- New treatment approach to correct underlying defect in Class I mutations
- New compound targeting the cell's in-built quality control system
- Potential to boost the effect of Ataluren when given in combination
Our research strategy includes a commitment to backing transformational science to correct the basic defect in cystic fibrosis. This grant has been awarded to Professor Carl Smythe of the University of Sheffield to fund early stage work to address the underlying genetic defect in Class I mutations.
Also known as 'stop' or ‘nonsense' mutations, Class I mutations account for approximately 10% of the world's cystic fibrosis population.
To make a protein like CFTR (which is faulty in people with cystic fibrosis) the cell makes copies of the gene from the DNA. It sends these to a special 'cellular factory' called the ribosome, where it is read like a set of instructions to produce the protein. In the nonsense mutation a 'full stop' appears in the middle of the DNA instructions and it is reproduced in the copy, which prevents the instructions being read all the way through.
A quality control system called Nonsense Mediated Decay (NMD) detects this full stop and destroys most of the defective copies.
As a result, very few sets of instructions for the protein ever make it to the 'factory', and those which do make it through can't be used because the full stop means the 'factory' stops following the instructions at that point.
Professor Smythe is working on a new compound to partially block the quality control system from catching and destroying the defective copies, so that more reach the 'factory'.
An oral drug called Ataluren is currently being developed by PTC Therapeutics to treat people who have nonsense mutations. The drug works at the 'factory' level, ignoring the full stop so that the full set of instructions is followed and the complete CFTR protein is made. However, it is thought the drug is not as effective as it could be because so much of the defective ‘copy’ with the instructions has already been destroyed earlier in the process by the quality control system.

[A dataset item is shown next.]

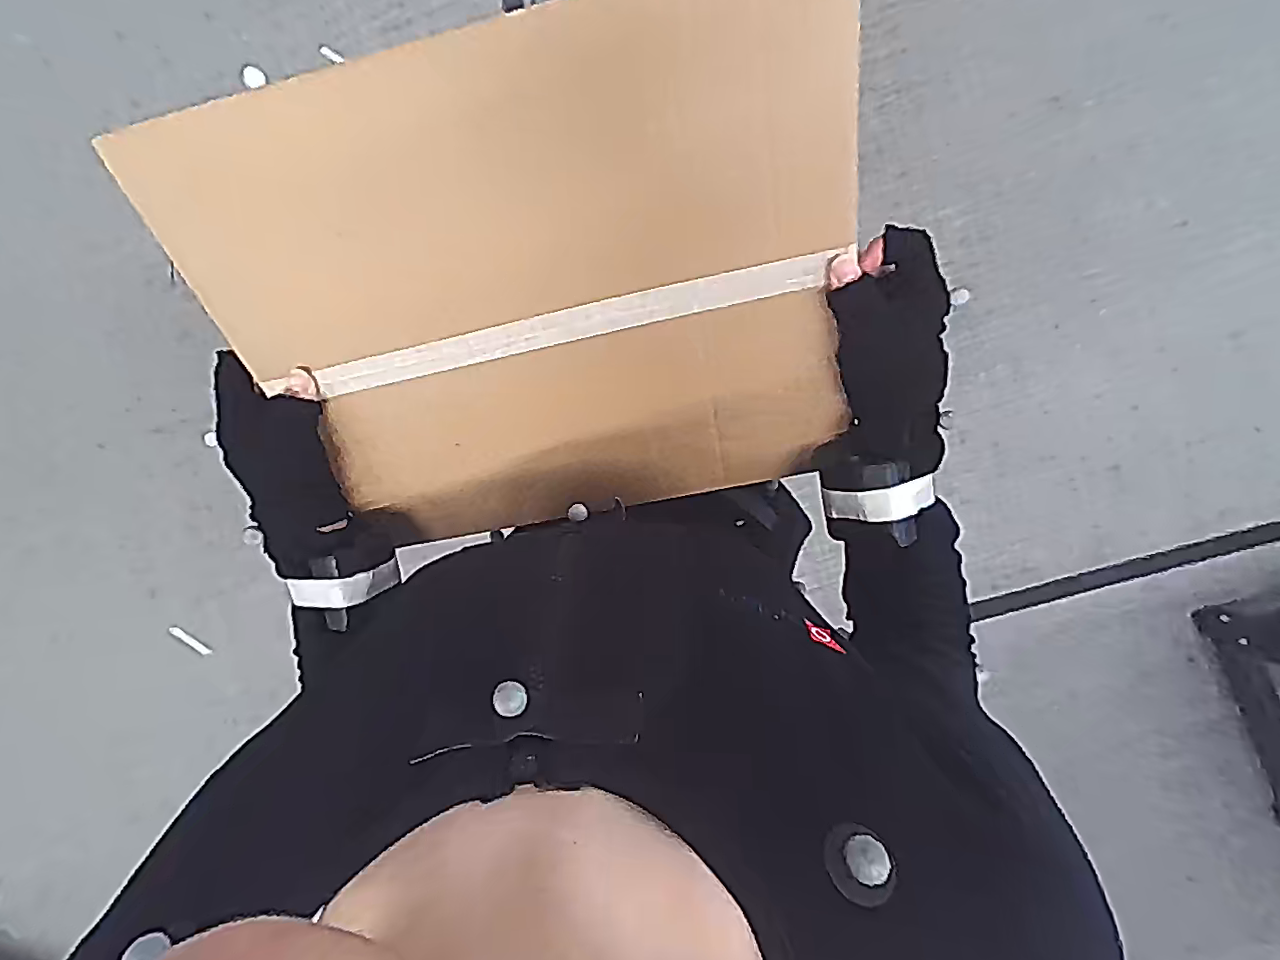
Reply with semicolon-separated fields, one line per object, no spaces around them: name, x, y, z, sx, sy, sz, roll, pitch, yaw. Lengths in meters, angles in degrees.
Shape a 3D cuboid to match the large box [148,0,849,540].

This grant aims to demonstrate that the new compound allows more of the defective copy to escape the quality control system, so that more sets of instructions for the CFTR protein can be read when Ataluren helps the process in the 'factory'.
Professor Carl Smythe said: "We are delighted the Cystic Fibrosis Trust has provided this opportunity for us to investigate the efficacy of our novel compound targeting cells' in-built quality control systems to facilitate the action of Ataluren. We are extremely grateful to the many donors who have made this opportunity possible."
Professor Smythe is a leading expert in cell biology with a particular focus on intra-cellular surveillance and quality control systems. He normally works in areas related to cancer and this is the first time he has applied his expertise and pioneering techniques to cystic fibrosis.
The Trust is pleased to support this world-class project because it pioneers a new approach to restoring working CFTR in cells with this kind of mutation and, if successful, it will set a clear path for developing a new treatment. The grant reflects our ambition to attract top-class scientists from other disciplines into cystic fibrosis research to facilitate a broader range of novel and creative approaches.
* Image above shows senior scientific officer Dr Richard Beniston using the University of Sheffield's state of the art OrbiTrap mass spectrometer. The team aims to use their mass spectrometer to investigate their compound's effect on the production of complete CFTR protein.